▸ **TO DO**:
Reproduce the data below line by line, from its first line to the line with "bytesProcessed = numFrames * stream->outputFrameSizeBytes;", both included, and nothing past that point.
===== DATA PROVIDED
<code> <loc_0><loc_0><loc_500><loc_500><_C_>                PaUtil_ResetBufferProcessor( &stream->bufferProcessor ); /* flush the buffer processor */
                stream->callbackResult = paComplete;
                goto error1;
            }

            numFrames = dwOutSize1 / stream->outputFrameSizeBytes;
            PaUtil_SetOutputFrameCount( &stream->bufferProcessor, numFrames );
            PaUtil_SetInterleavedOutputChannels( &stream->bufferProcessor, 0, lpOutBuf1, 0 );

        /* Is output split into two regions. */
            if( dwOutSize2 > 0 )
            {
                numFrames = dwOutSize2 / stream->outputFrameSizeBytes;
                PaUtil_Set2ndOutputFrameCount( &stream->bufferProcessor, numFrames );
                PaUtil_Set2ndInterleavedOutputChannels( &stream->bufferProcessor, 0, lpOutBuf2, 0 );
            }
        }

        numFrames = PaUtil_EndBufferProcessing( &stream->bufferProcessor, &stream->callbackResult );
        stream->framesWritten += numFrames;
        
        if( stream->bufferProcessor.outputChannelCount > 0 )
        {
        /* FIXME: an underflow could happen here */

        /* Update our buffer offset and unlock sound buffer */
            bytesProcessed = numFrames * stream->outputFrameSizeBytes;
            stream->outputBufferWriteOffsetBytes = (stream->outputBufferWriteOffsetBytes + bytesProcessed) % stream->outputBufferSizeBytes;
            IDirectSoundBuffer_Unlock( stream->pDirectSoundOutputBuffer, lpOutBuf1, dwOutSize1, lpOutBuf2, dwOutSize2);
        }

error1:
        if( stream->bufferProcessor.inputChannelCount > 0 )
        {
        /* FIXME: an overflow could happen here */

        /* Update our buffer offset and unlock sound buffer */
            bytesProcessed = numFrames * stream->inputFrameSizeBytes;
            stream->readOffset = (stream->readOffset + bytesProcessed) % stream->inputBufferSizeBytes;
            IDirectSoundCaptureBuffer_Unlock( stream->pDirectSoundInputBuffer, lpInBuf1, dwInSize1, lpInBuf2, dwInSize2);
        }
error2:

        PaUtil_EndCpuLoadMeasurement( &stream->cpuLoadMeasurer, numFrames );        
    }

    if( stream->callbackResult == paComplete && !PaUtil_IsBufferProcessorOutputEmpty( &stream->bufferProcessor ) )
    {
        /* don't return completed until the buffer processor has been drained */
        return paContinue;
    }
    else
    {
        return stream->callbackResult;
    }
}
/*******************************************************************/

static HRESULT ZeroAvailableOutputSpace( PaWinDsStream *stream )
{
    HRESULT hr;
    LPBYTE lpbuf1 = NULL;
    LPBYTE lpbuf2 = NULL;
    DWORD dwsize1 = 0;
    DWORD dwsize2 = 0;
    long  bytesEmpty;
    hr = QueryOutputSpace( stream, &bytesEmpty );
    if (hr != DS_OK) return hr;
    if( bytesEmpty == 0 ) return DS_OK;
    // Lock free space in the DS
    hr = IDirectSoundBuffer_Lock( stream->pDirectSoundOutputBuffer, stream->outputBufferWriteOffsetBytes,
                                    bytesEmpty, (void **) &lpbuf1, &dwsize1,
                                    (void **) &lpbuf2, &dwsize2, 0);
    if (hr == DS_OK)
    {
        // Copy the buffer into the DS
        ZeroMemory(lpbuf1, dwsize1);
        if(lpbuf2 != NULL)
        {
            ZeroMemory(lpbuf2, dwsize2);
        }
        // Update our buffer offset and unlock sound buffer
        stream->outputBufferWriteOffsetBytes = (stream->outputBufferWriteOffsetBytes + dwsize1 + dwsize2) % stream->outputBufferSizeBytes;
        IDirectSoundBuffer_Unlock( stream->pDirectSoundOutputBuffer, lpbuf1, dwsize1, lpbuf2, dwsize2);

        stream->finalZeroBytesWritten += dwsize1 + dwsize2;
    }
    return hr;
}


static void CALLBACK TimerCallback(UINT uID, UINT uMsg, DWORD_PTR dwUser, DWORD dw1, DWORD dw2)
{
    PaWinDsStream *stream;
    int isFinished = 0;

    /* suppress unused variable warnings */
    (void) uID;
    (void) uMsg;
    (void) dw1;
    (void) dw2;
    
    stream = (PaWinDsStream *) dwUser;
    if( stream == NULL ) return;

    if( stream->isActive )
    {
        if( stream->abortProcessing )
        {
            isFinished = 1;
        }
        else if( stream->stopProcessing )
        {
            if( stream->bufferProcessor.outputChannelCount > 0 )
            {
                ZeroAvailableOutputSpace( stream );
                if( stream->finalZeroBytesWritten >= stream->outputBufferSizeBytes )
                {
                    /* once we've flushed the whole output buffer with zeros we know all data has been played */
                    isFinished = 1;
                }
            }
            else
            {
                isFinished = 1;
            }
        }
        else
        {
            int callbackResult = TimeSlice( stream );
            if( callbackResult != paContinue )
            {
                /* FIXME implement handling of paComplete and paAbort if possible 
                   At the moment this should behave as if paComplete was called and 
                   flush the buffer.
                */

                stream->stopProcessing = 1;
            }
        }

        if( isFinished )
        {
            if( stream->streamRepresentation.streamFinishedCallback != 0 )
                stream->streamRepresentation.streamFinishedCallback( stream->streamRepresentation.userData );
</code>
==========
▸ **ANSWER TO THIS TASK**:
<code> <loc_0><loc_0><loc_500><loc_500><_C_>                PaUtil_ResetBufferProcessor( &stream->bufferProcessor ); /* flush the buffer processor */
                stream->callbackResult = paComplete;
                goto error1;
            }

            numFrames = dwOutSize1 / stream->outputFrameSizeBytes;
            PaUtil_SetOutputFrameCount( &stream->bufferProcessor, numFrames );
            PaUtil_SetInterleavedOutputChannels( &stream->bufferProcessor, 0, lpOutBuf1, 0 );

        /* Is output split into two regions. */
            if( dwOutSize2 > 0 )
            {
                numFrames = dwOutSize2 / stream->outputFrameSizeBytes;
                PaUtil_Set2ndOutputFrameCount( &stream->bufferProcessor, numFrames );
                PaUtil_Set2ndInterleavedOutputChannels( &stream->bufferProcessor, 0, lpOutBuf2, 0 );
            }
        }

        numFrames = PaUtil_EndBufferProcessing( &stream->bufferProcessor, &stream->callbackResult );
        stream->framesWritten += numFrames;
        
        if( stream->bufferProcessor.outputChannelCount > 0 )
        {
        /* FIXME: an underflow could happen here */

        /* Update our buffer offset and unlock sound buffer */
            bytesProcessed = numFrames * stream->outputFrameSizeBytes;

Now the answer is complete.